Stored data:
'''
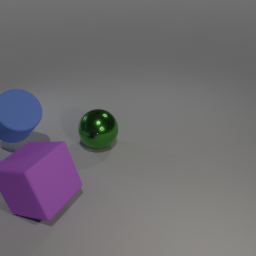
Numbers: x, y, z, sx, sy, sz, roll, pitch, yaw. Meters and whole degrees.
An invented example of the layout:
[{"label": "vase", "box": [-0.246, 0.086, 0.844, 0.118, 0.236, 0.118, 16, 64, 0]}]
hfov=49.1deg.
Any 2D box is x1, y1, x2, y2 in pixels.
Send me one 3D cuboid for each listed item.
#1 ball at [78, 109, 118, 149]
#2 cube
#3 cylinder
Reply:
[{"label": "ball", "box": [-1.032, 0.033, 9.767, 1.400, 1.400, 1.400, 0, 29, 0]}, {"label": "cube", "box": [-2.289, 1.278, 7.145, 1.400, 1.400, 1.400, -3, 26, 32]}, {"label": "cylinder", "box": [-3.658, -0.358, 9.087, 1.400, 1.400, 1.400, -25, -4, -37]}]
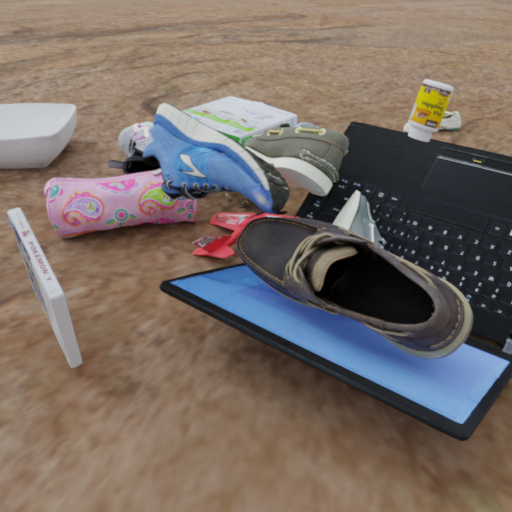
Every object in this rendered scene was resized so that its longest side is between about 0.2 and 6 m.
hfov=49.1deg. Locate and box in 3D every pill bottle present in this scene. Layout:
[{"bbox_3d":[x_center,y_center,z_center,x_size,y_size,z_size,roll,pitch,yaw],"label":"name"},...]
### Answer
[{"bbox_3d":[2.015,-1.689,6.544,0.361,0.661,0.361,13,23,-6],"label":"pill bottle"}]

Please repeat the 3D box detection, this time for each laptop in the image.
[{"bbox_3d":[1.735,-0.323,7.217,3.896,2.270,4.396,23,73,30],"label":"laptop"}]

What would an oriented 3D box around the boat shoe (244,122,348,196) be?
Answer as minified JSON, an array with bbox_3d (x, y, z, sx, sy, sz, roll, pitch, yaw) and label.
[{"bbox_3d":[0.555,-1.679,9.168,1.033,0.864,2.891,33,1,-26],"label":"boat shoe"}]

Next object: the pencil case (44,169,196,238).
[{"bbox_3d":[-2.255,-0.970,9.604,2.527,1.105,1.105,-9,33,-13],"label":"pencil case"}]

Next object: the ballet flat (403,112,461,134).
[{"bbox_3d":[4.402,-3.389,14.031,1.535,0.551,0.551,-7,33,-10],"label":"ballet flat"}]

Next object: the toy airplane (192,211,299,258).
[{"bbox_3d":[-0.244,-0.385,9.214,1.971,0.363,1.971,-11,18,4],"label":"toy airplane"}]

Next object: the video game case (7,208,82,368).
[{"bbox_3d":[-2.422,0.400,6.480,0.172,1.496,1.363,-24,58,-24],"label":"video game case"}]

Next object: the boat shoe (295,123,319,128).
[{"bbox_3d":[0.712,-2.143,11.663,0.826,0.959,2.664,-32,-6,39],"label":"boat shoe"}]

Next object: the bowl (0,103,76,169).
[{"bbox_3d":[-5.272,-2.634,12.458,2.347,0.876,2.344,0,32,-2],"label":"bowl"}]

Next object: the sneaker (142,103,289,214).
[{"bbox_3d":[-0.614,-1.108,7.585,2.471,1.102,0.971,33,7,32],"label":"sneaker"}]

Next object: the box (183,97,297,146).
[{"bbox_3d":[-0.476,-2.688,12.381,2.121,1.026,1.872,25,40,34],"label":"box"}]

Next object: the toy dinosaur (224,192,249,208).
[{"bbox_3d":[-0.375,-1.435,10.472,1.907,0.555,0.964,4,49,-58],"label":"toy dinosaur"}]

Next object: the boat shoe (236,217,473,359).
[{"bbox_3d":[0.925,0.118,6.269,2.968,1.088,1.106,22,81,33],"label":"boat shoe"}]

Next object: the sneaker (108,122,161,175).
[{"bbox_3d":[-2.301,-1.960,11.062,2.545,0.989,1.780,22,29,32],"label":"sneaker"}]

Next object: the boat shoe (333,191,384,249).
[{"bbox_3d":[1.396,-0.098,7.788,0.679,0.800,2.198,26,39,-6],"label":"boat shoe"}]
'''
Line count for the word "hfov": work out how many lines of the data above include it, and reply with that number alone.

2